Thanks Martijn.  I will consider that approach.




Re: GiST consistent function, expected arguments; multi-dimensional indexes

From
Martijn van Oosterhout
Date:
On Sun, Jul 01, 2007 at 07:20:08PM -0700, Eric wrote:
>
> >
> > Everything is always passed as a Datum, so yes, it's is determined by
> > the storage clause in CREATE TYPE.
>
> Still not sure what to do in some scenarios.  One example is the gist
> example code for btree (btree_gist).  If you look at the int4 example
> consistent function, it gets an int32 value (param 1).  For other
> data  types, it would get a pointer to a value.  Is the rule anything
> <= 4 bytes it's a value, above that it's a pointer?  See the code
> below...

Why guess. You know the type ID of what you're manipulating, right.
Then the function:

get_typlenbyval(Oid typid, int16 *typlen, bool *typbyval);

Returns the byval flag (true if passed by value, false if passed by
reference) and the typlen field will be either a positive integer,
representing the number of bytes, or negative for variable length.

Have a nice day,
--
Martijn van Oosterhout   <kleptog@svana.org>   http://svana.org/kleptog/
> From each according to his ability.

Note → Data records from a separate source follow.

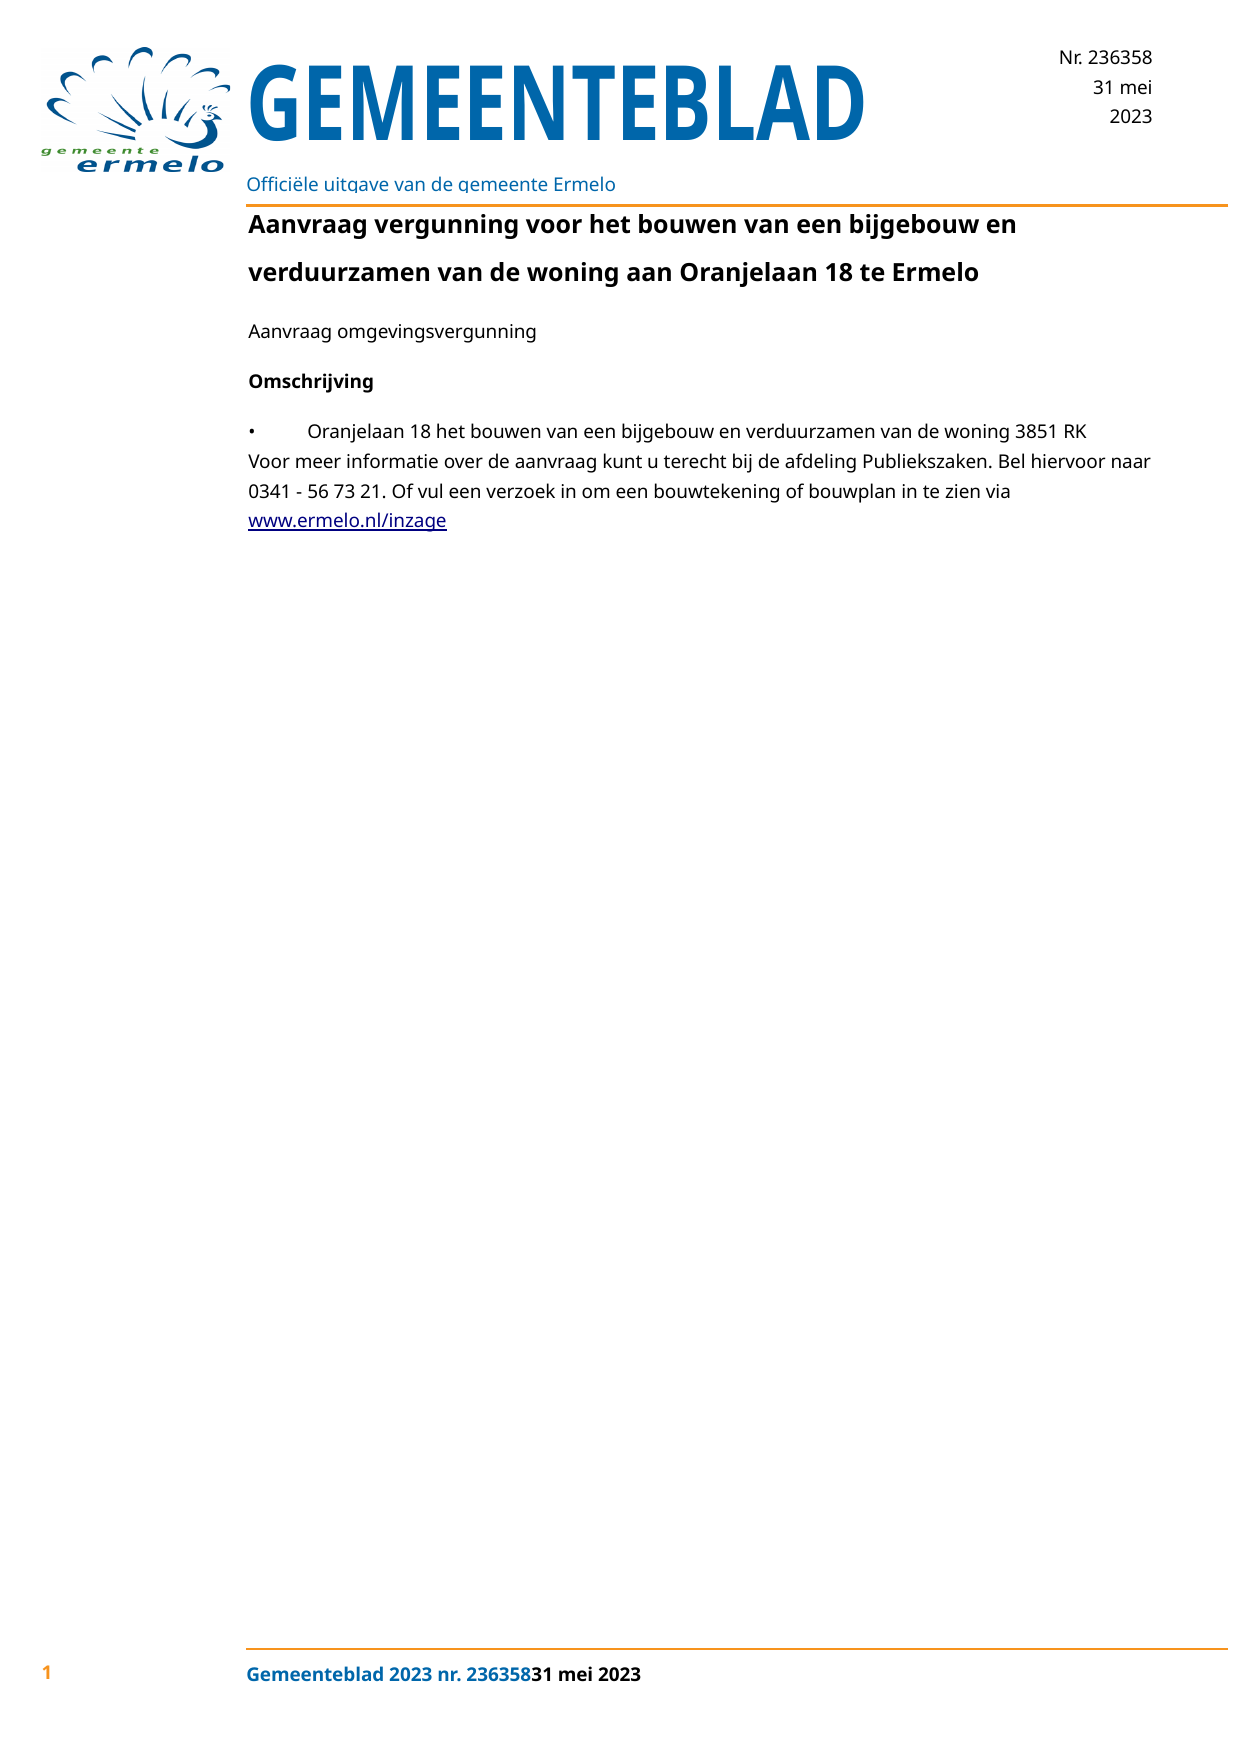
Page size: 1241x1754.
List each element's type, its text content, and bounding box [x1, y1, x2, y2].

text Voor meer informatie over de aanvraag kunt u terecht bij de afdeling Publiekszaken. Bel hiervoor naar 0341 - 56 73 21. Of vul een verzoek in om een bouwtekening of bouwplan in te zien via www.ermelo.nl/inzage [248, 448, 1152, 533]
text Aanvraag vergunning voor het bouwen van een bijgebouw en verduurzamen van de woning aan Oranjelaan 18 te Ermelo [248, 207, 1152, 288]
text Omschrijving [248, 368, 1152, 394]
list Oranjelaan 18 het bouwen van een bijgebouw en verduurzamen van de woning 3851 RK [248, 419, 1152, 444]
text Aanvraag omgevingsvergunning [248, 318, 1152, 344]
picture [41, 47, 231, 172]
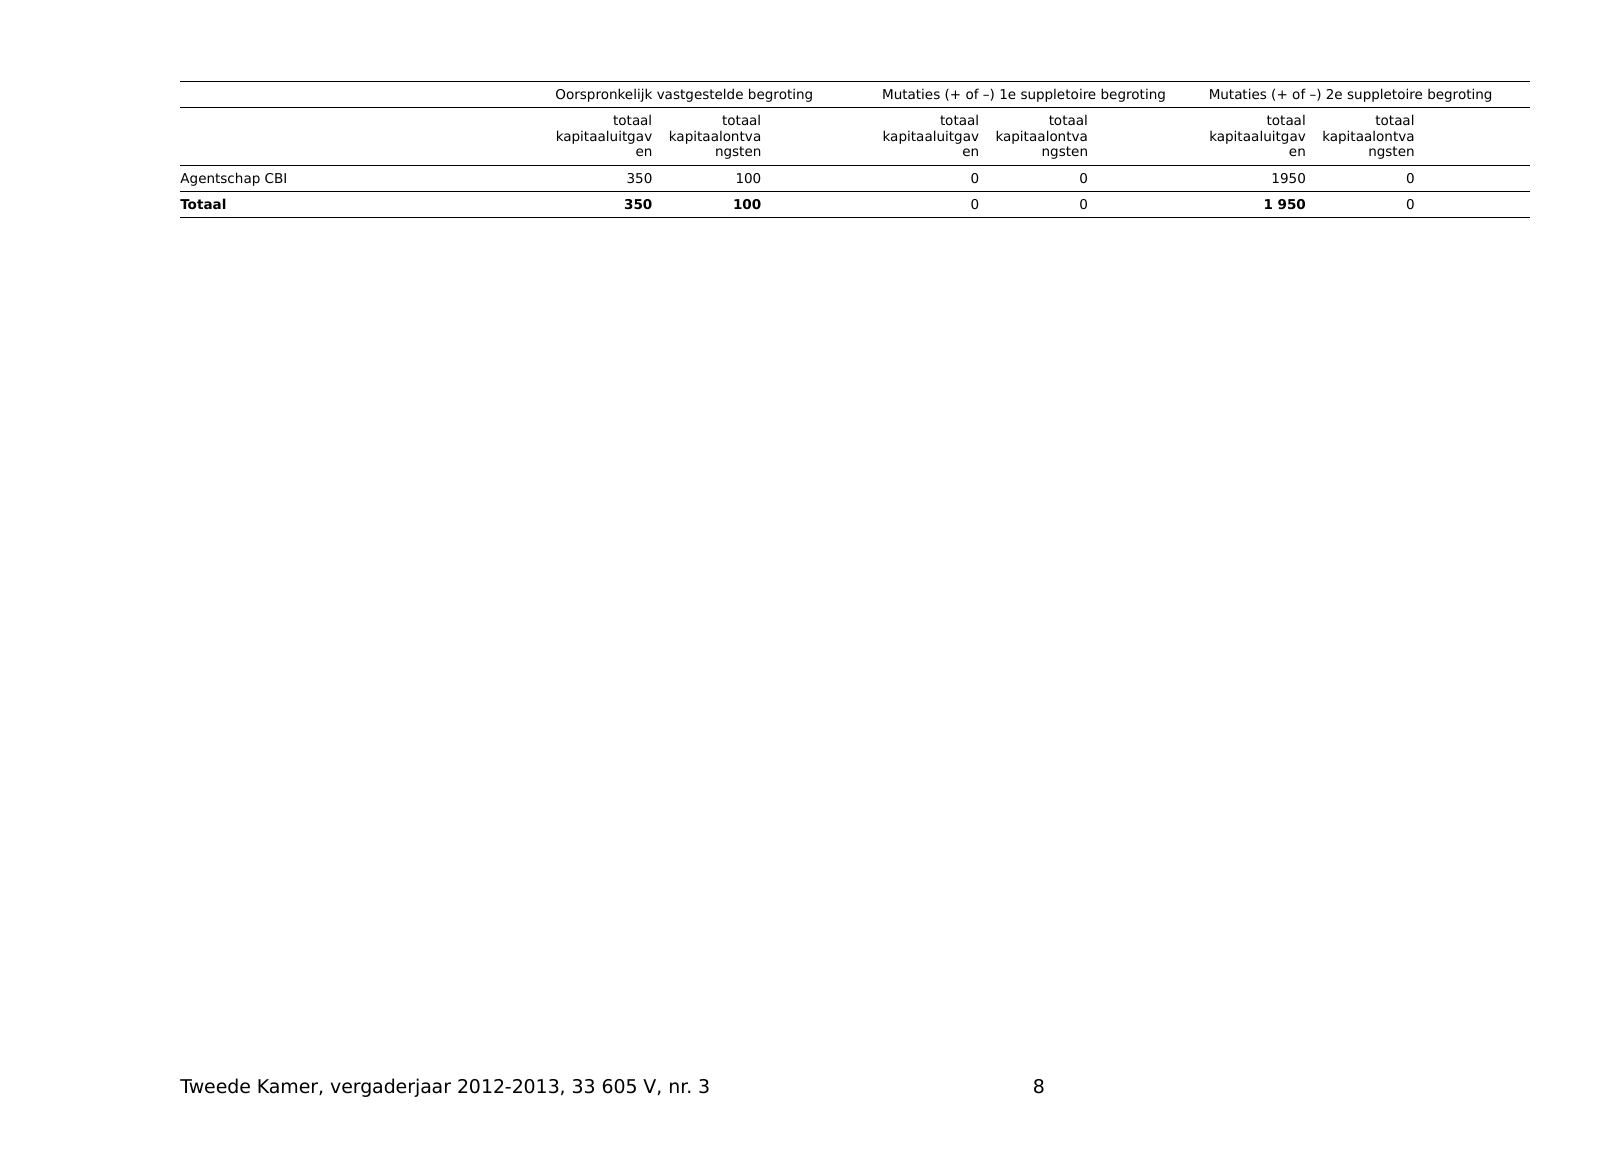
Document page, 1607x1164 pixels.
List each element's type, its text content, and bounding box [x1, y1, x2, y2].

table_cell [767, 192, 876, 217]
table_cell [1094, 108, 1203, 165]
table_cell 0 [1311, 166, 1420, 191]
table_cell [1420, 166, 1529, 191]
table_cell 0 [985, 166, 1094, 191]
table_cell [1094, 192, 1203, 217]
table_cell 0 [876, 166, 985, 191]
table_cell 100 [658, 166, 767, 191]
table_cell 0 [876, 192, 985, 217]
table_cell totaal kapitaalontvangsten [658, 108, 767, 165]
table_cell 350 [549, 192, 658, 217]
table_cell [767, 108, 876, 165]
table_cell 0 [1311, 192, 1420, 217]
table_header Oorspronkelijk vastgestelde begroting [549, 82, 876, 107]
table_header Mutaties (+ of –) 2e suppletoire begroting [1203, 82, 1529, 107]
table_cell [1420, 192, 1529, 217]
table_cell Totaal [180, 192, 549, 217]
table_cell [180, 108, 549, 165]
table_cell Agentschap CBI [180, 166, 549, 191]
table_header Mutaties (+ of –) 1e suppletoire begroting [876, 82, 1203, 107]
table_cell 350 [549, 166, 658, 191]
table_cell [1094, 166, 1203, 191]
table_cell [1420, 108, 1529, 165]
table_header [180, 82, 549, 107]
table_cell totaal kapitaalontvangsten [1311, 108, 1420, 165]
table_cell totaal kapitaaluitgaven [1203, 108, 1311, 165]
table_cell 100 [658, 192, 767, 217]
table_cell 0 [985, 192, 1094, 217]
table_cell totaal kapitaaluitgaven [876, 108, 985, 165]
table_cell 1 950 [1203, 192, 1311, 217]
table_cell 1950 [1203, 166, 1311, 191]
table_cell totaal kapitaalontvangsten [985, 108, 1094, 165]
table_cell [767, 166, 876, 191]
table_cell totaal kapitaaluitgaven [549, 108, 658, 165]

To each according to his ability to litigate.

I guess you can also get this before writing code from

select typbyval from pg_type where typname='mytype'

...thanks again.



Re: GiST consistent function, expected arguments; multi-dimensional indexes

From
Martijn van Oosterhout
Date:
On Mon, Jul 02, 2007 at 10:44:55AM -0700, Eric wrote:
> I guess you can also get this before writing code from
>
> select typbyval from pg_type where typname='mytype'

Note that the flag might not be constant. For example int8 is not byval
currently whereas it could be on a 64-bit architecture. However,
variable-length values are always byref.

Have a nice day,
--
Martijn van Oosterhout   <kleptog@svana.org>   http://svana.org/kleptog/
> From each according to his ability. To each according to his ability to litigate.